### Given information
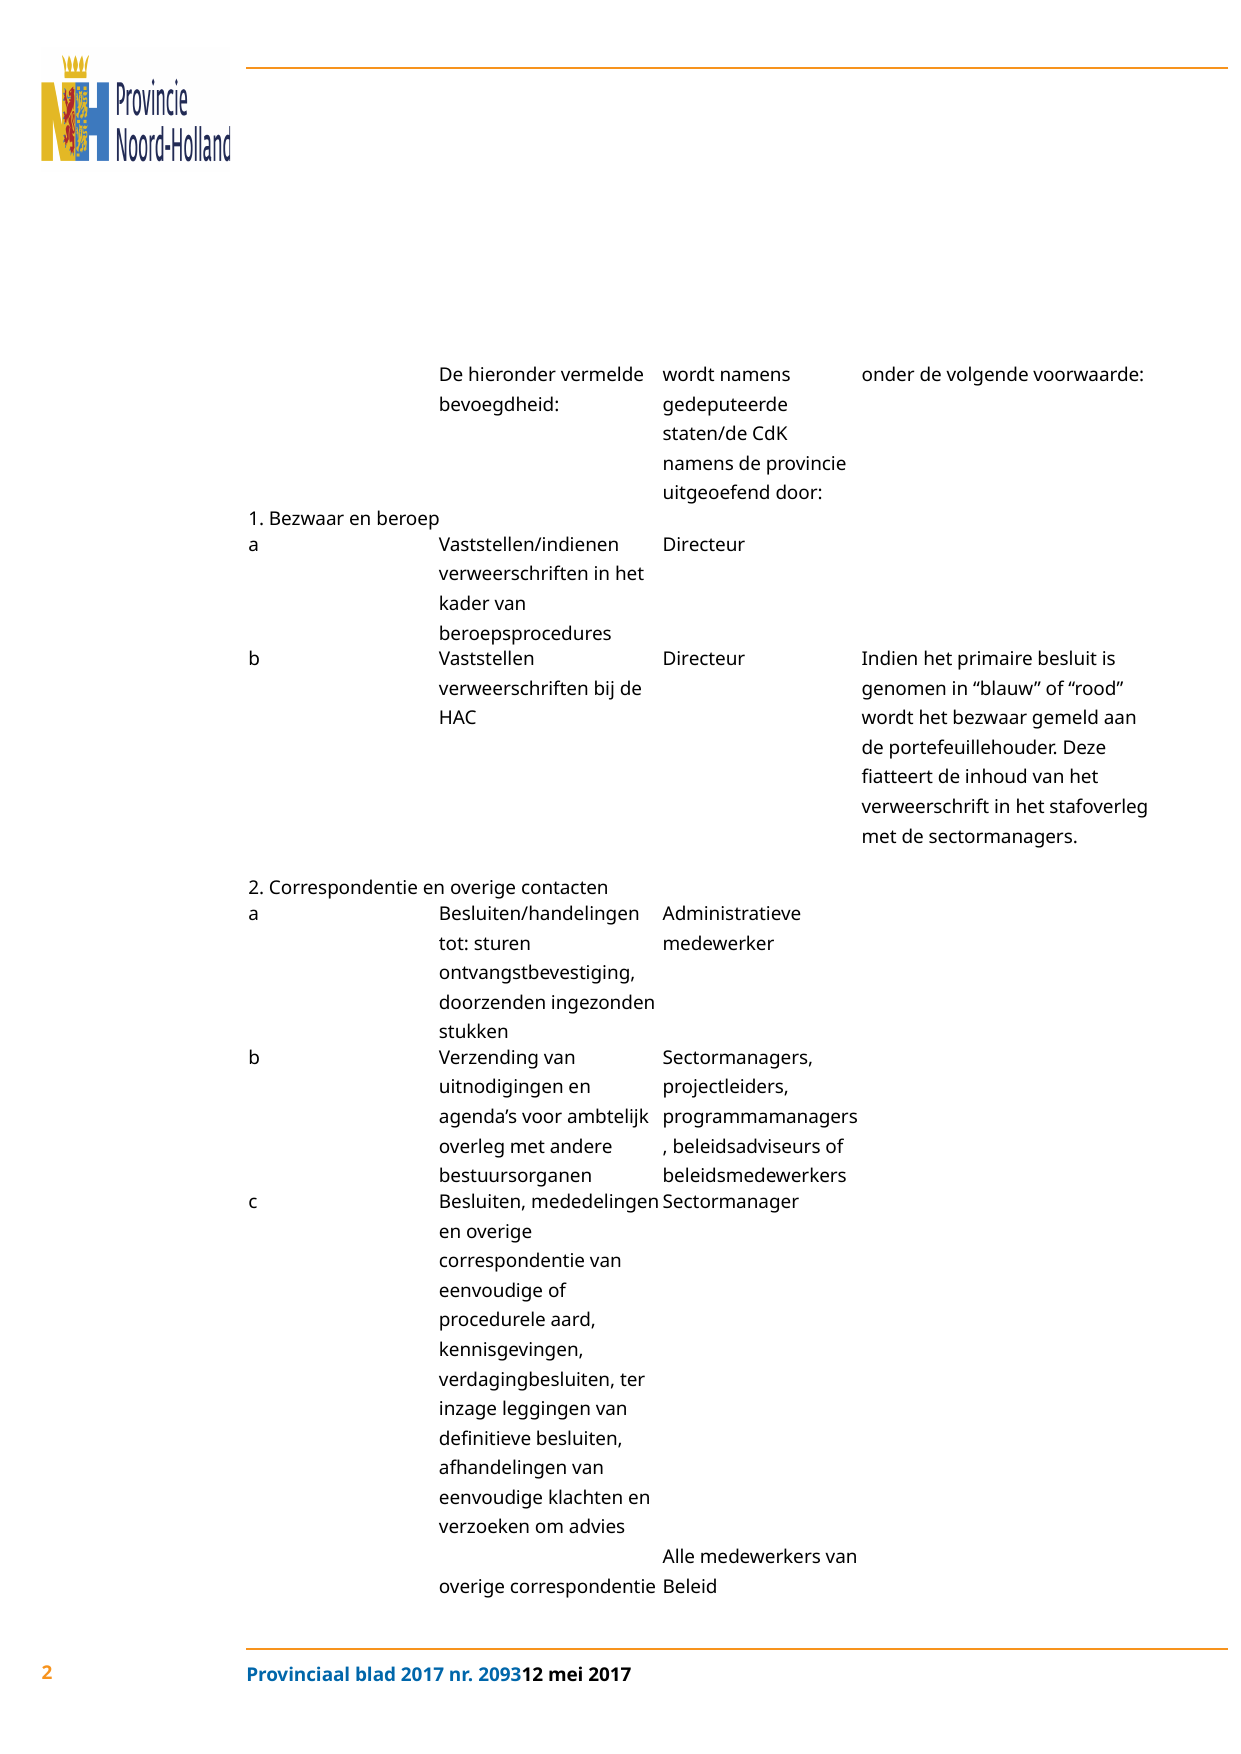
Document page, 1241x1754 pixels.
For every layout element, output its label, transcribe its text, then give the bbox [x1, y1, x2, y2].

table_cell Vaststellen verweerschriften bij de HAC [439, 645, 662, 849]
table_cell a [248, 531, 439, 645]
table_cell Besluiten, mededelingen en overige correspondentie van eenvoudige of procedurele aard, kennisgevingen, verdagingbesluiten, ter inzage leggingen van definitieve besluiten, afhandelingen van eenvoudige klachten en verzoeken om advies overige correspondentie [439, 1188, 662, 1598]
table_cell [861, 1044, 1152, 1188]
table_cell Administratieve medewerker [663, 900, 861, 1044]
table_cell b [248, 645, 439, 849]
table_cell Vaststellen/indienen verweerschriften in het kader van beroepsprocedures [439, 531, 662, 645]
table_cell Directeur [663, 645, 861, 849]
table_cell [248, 849, 1152, 874]
table_cell Directeur [663, 531, 861, 645]
table_cell Sectormanager Alle medewerkers van Beleid [663, 1188, 861, 1598]
table_cell Besluiten/handelingen tot: sturen ontvangstbevestiging, doorzenden ingezonden stukken [439, 900, 662, 1044]
table_header wordt namens gedeputeerde staten/de CdK namens de provincie uitgeoefend door: [663, 361, 861, 505]
table_header onder de volgende voorwaarde: [861, 361, 1152, 505]
table_cell b [248, 1044, 439, 1188]
table_cell [861, 900, 1152, 1044]
table_cell 1. Bezwaar en beroep [248, 505, 1152, 531]
table_cell Sectormanagers, projectleiders, programmamanagers, beleidsadviseurs of beleidsmedewerkers [663, 1044, 861, 1188]
table_cell Verzending van uitnodigingen en agenda’s voor ambtelijk overleg met andere bestuursorganen [439, 1044, 662, 1188]
table_cell Indien het primaire besluit is genomen in “blauw” of “rood” wordt het bezwaar gemeld aan de portefeuillehouder. Deze fiatteert de inhoud van het verweerschrift in het stafoverleg met de sectormanagers. [861, 645, 1152, 849]
table_header [248, 361, 439, 505]
table_cell c [248, 1188, 439, 1598]
table_cell [861, 1188, 1152, 1598]
picture [41, 47, 231, 172]
table_cell a [248, 900, 439, 1044]
table_header De hieronder vermelde bevoegdheid: [439, 361, 662, 505]
table_cell 2. Correspondentie en overige contacten [248, 874, 1152, 900]
table_cell [861, 531, 1152, 645]
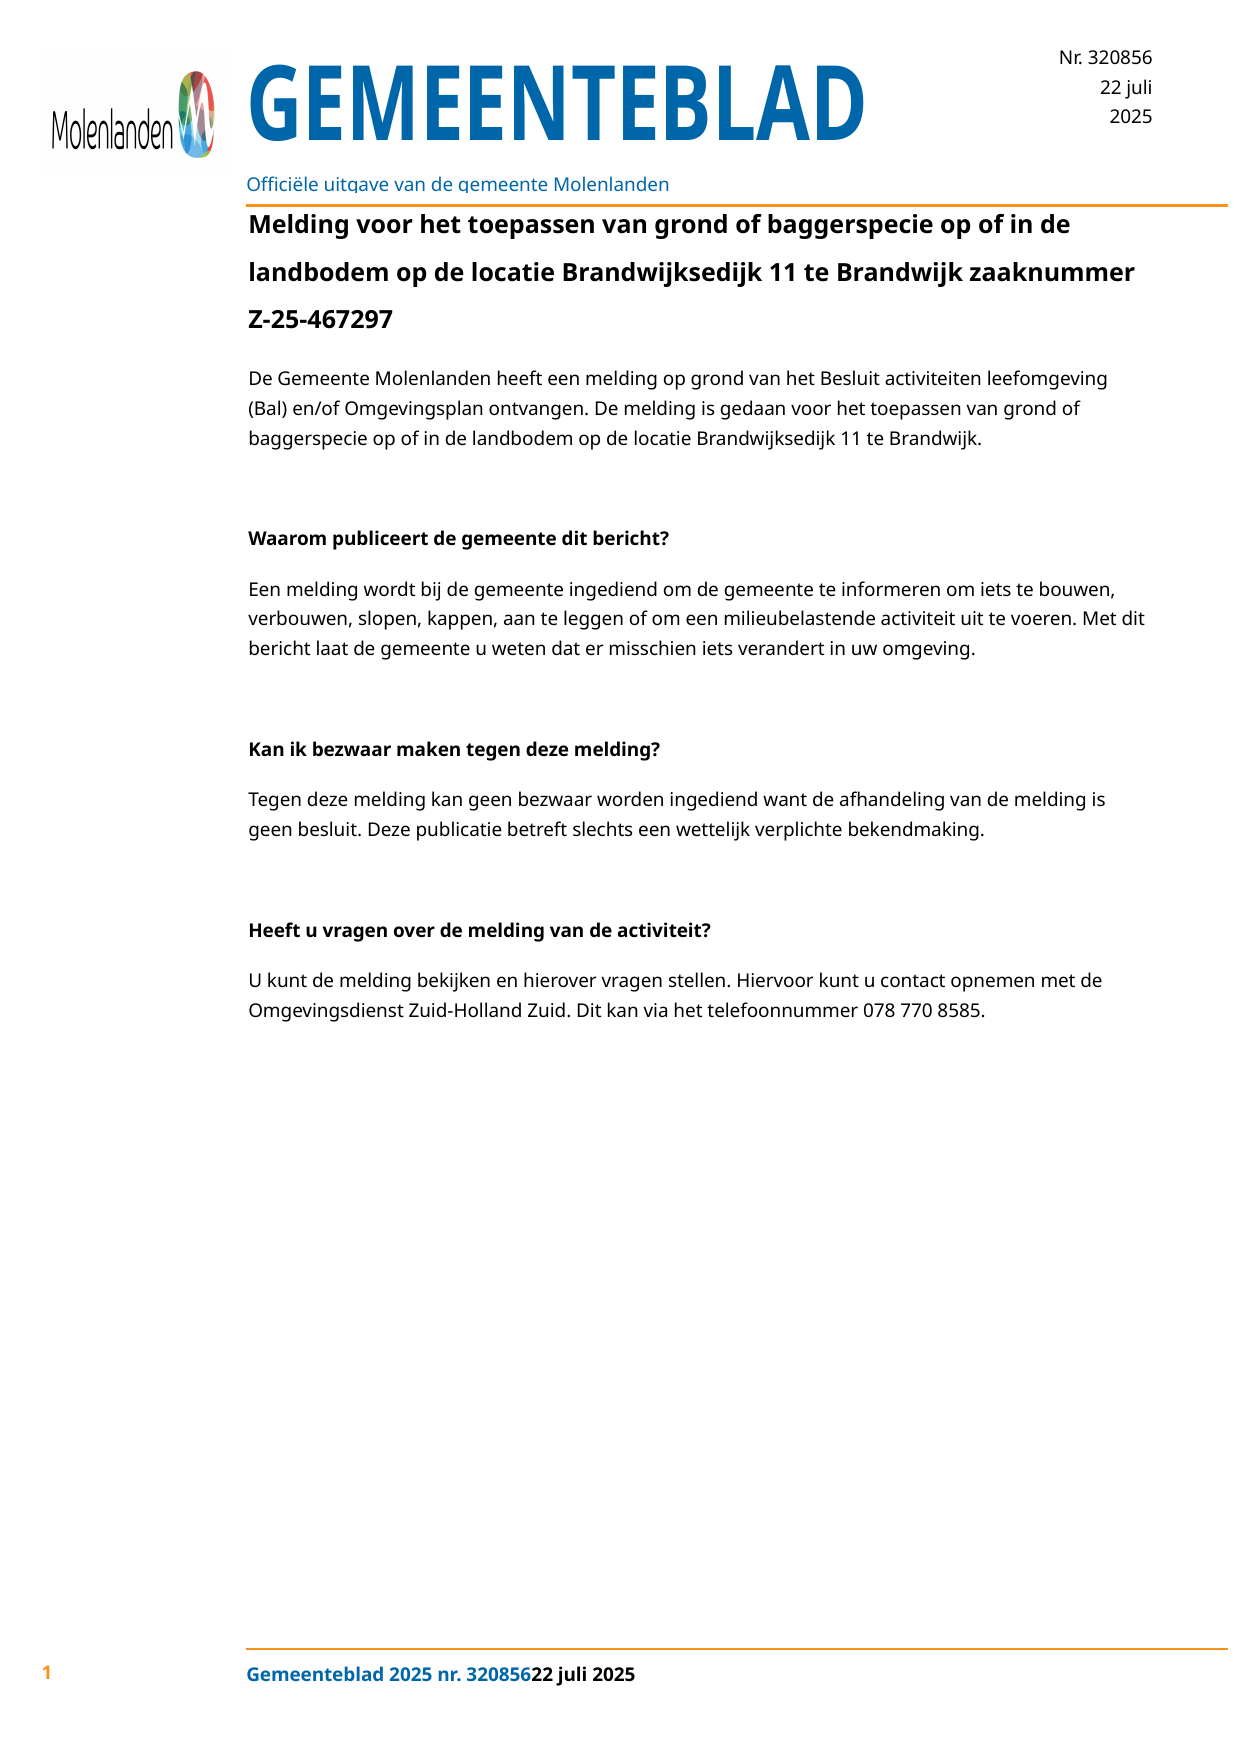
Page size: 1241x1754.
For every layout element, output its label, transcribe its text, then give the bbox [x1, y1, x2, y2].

text Tegen deze melding kan geen bezwaar worden ingediend want de afhandeling van de melding is geen besluit. Deze publicatie betreft slechts een wettelijk verplichte bekendmaking. [248, 786, 1152, 842]
text Een melding wordt bij de gemeente ingediend om de gemeente te informeren om iets te bouwen, verbouwen, slopen, kappen, aan te leggen of om een milieubelastende activiteit uit te voeren. Met dit bericht laat de gemeente u weten dat er misschien iets verandert in uw omgeving. [248, 576, 1152, 661]
text De Gemeente Molenlanden heeft een melding op grond van het Besluit activiteiten leefomgeving (Bal) en/of Omgevingsplan ontvangen. De melding is gedaan voor het toepassen van grond of baggerspecie op of in de landbodem op de locatie Brandwijksedijk 11 te Brandwijk. [248, 366, 1152, 450]
text Melding voor het toepassen van grond of baggerspecie op of in de landbodem op de locatie Brandwijksedijk 11 te Brandwijk zaaknummer Z-25-467297 [248, 207, 1152, 336]
text Waarom publiceert de gemeente dit bericht? [248, 526, 1152, 551]
text Heeft u vragen over de melding van de activiteit? [248, 917, 1152, 942]
picture [41, 47, 231, 172]
text U kunt de melding bekijken en hierover vragen stellen. Hiervoor kunt u contact opnemen met de Omgevingsdienst Zuid-Holland Zuid. Dit kan via het telefoonnummer 078 770 8585. [248, 967, 1152, 1022]
text Kan ik bezwaar maken tegen deze melding? [248, 736, 1152, 762]

### Exercise goal
For this exercise, please output exactly the lines above starting at the line with "table_cell Sectormanager Alle" and ending at the line with "table_header wordt namens", ends included.

### Response
table_cell Sectormanager Alle medewerkers van Beleid [663, 1188, 861, 1598]
table_cell Besluiten/handelingen tot: sturen ontvangstbevestiging, doorzenden ingezonden stukken [439, 900, 662, 1044]
table_header wordt namens gedeputeerde staten/de CdK namens de provincie uitgeoefend door: [663, 361, 861, 505]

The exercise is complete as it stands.